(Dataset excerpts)
┏━━

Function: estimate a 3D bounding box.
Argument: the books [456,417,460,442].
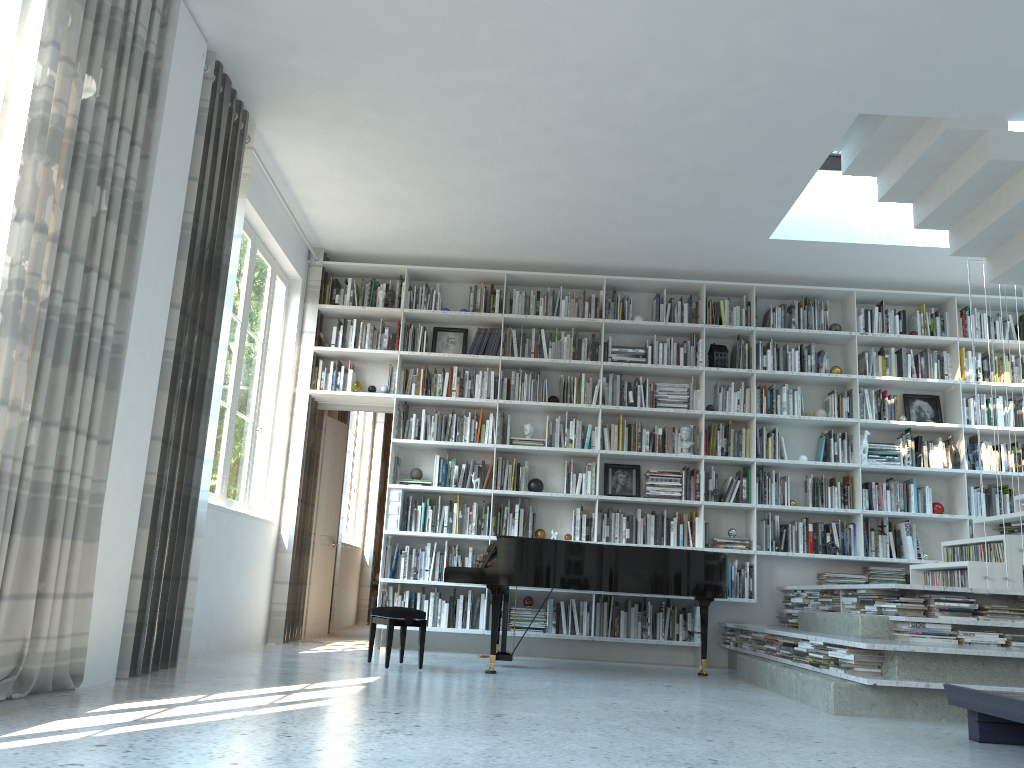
[{"bbox_3d":[-0.444,0.404,7.382,0.013,0.228,0.177,3,-13,1],"label":"books"}]

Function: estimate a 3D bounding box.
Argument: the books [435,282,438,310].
[{"bbox_3d":[-0.650,-0.713,7.648,0.007,0.300,0.146,3,-13,1],"label":"books"}]

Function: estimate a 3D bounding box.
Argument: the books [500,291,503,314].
[{"bbox_3d":[-0.089,-0.658,7.639,0.039,0.251,0.147,3,-13,1],"label":"books"}]

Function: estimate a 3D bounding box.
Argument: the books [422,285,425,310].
[{"bbox_3d":[-0.757,-0.701,7.634,0.016,0.260,0.154,3,-13,1],"label":"books"}]

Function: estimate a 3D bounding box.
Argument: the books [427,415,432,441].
[{"bbox_3d":[-0.691,0.390,7.409,0.049,0.242,0.139,3,-13,1],"label":"books"}]

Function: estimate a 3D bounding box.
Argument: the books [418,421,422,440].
[{"bbox_3d":[-0.762,0.415,7.411,0.021,0.187,0.129,3,-13,1],"label":"books"}]

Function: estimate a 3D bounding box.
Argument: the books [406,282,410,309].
[{"bbox_3d":[-0.895,-0.718,7.650,0.007,0.284,0.160,3,-13,1],"label":"books"}]

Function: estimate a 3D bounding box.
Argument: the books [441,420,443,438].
[{"bbox_3d":[-0.581,0.414,7.402,0.010,0.203,0.139,3,-13,1],"label":"books"}]

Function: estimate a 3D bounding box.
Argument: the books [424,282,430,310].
[{"bbox_3d":[-0.734,-0.713,7.619,0.015,0.279,0.191,3,-13,1],"label":"books"}]

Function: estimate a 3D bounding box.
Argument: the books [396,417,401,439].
[{"bbox_3d":[-0.934,0.390,7.394,0.026,0.208,0.155,3,-13,1],"label":"books"}]

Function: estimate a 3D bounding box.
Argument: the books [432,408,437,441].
[{"bbox_3d":[-0.645,0.363,7.394,0.011,0.292,0.184,3,-13,1],"label":"books"}]

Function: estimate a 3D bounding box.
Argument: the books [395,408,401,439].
[{"bbox_3d":[-0.950,0.354,7.411,0.012,0.284,0.160,3,-13,1],"label":"books"}]

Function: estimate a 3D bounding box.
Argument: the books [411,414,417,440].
[{"bbox_3d":[-0.810,0.381,7.384,0.022,0.235,0.177,3,-13,1],"label":"books"}]

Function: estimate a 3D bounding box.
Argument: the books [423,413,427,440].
[{"bbox_3d":[-0.721,0.381,7.387,0.011,0.245,0.176,3,-13,1],"label":"books"}]

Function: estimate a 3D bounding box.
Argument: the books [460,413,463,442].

┗━━

What you hand back should match the entries above exactly, except that no picture appears.

RESPONSE BELOW -
Function: estimate a 3D bounding box.
Argument: the books [456,417,460,442].
[{"bbox_3d":[-0.444,0.404,7.382,0.013,0.228,0.177,3,-13,1],"label":"books"}]

Function: estimate a 3D bounding box.
Argument: the books [435,282,438,310].
[{"bbox_3d":[-0.650,-0.713,7.648,0.007,0.300,0.146,3,-13,1],"label":"books"}]

Function: estimate a 3D bounding box.
Argument: the books [500,291,503,314].
[{"bbox_3d":[-0.089,-0.658,7.639,0.039,0.251,0.147,3,-13,1],"label":"books"}]

Function: estimate a 3D bounding box.
Argument: the books [422,285,425,310].
[{"bbox_3d":[-0.757,-0.701,7.634,0.016,0.260,0.154,3,-13,1],"label":"books"}]

Function: estimate a 3D bounding box.
Argument: the books [427,415,432,441].
[{"bbox_3d":[-0.691,0.390,7.409,0.049,0.242,0.139,3,-13,1],"label":"books"}]

Function: estimate a 3D bounding box.
Argument: the books [418,421,422,440].
[{"bbox_3d":[-0.762,0.415,7.411,0.021,0.187,0.129,3,-13,1],"label":"books"}]

Function: estimate a 3D bounding box.
Argument: the books [406,282,410,309].
[{"bbox_3d":[-0.895,-0.718,7.650,0.007,0.284,0.160,3,-13,1],"label":"books"}]

Function: estimate a 3D bounding box.
Argument: the books [441,420,443,438].
[{"bbox_3d":[-0.581,0.414,7.402,0.010,0.203,0.139,3,-13,1],"label":"books"}]

Function: estimate a 3D bounding box.
Argument: the books [424,282,430,310].
[{"bbox_3d":[-0.734,-0.713,7.619,0.015,0.279,0.191,3,-13,1],"label":"books"}]

Function: estimate a 3D bounding box.
Argument: the books [396,417,401,439].
[{"bbox_3d":[-0.934,0.390,7.394,0.026,0.208,0.155,3,-13,1],"label":"books"}]

Function: estimate a 3D bounding box.
Argument: the books [432,408,437,441].
[{"bbox_3d":[-0.645,0.363,7.394,0.011,0.292,0.184,3,-13,1],"label":"books"}]

Function: estimate a 3D bounding box.
Argument: the books [395,408,401,439].
[{"bbox_3d":[-0.950,0.354,7.411,0.012,0.284,0.160,3,-13,1],"label":"books"}]

Function: estimate a 3D bounding box.
Argument: the books [411,414,417,440].
[{"bbox_3d":[-0.810,0.381,7.384,0.022,0.235,0.177,3,-13,1],"label":"books"}]

Function: estimate a 3D bounding box.
Argument: the books [423,413,427,440].
[{"bbox_3d":[-0.721,0.381,7.387,0.011,0.245,0.176,3,-13,1],"label":"books"}]

Function: estimate a 3D bounding box.
Argument: the books [460,413,463,442].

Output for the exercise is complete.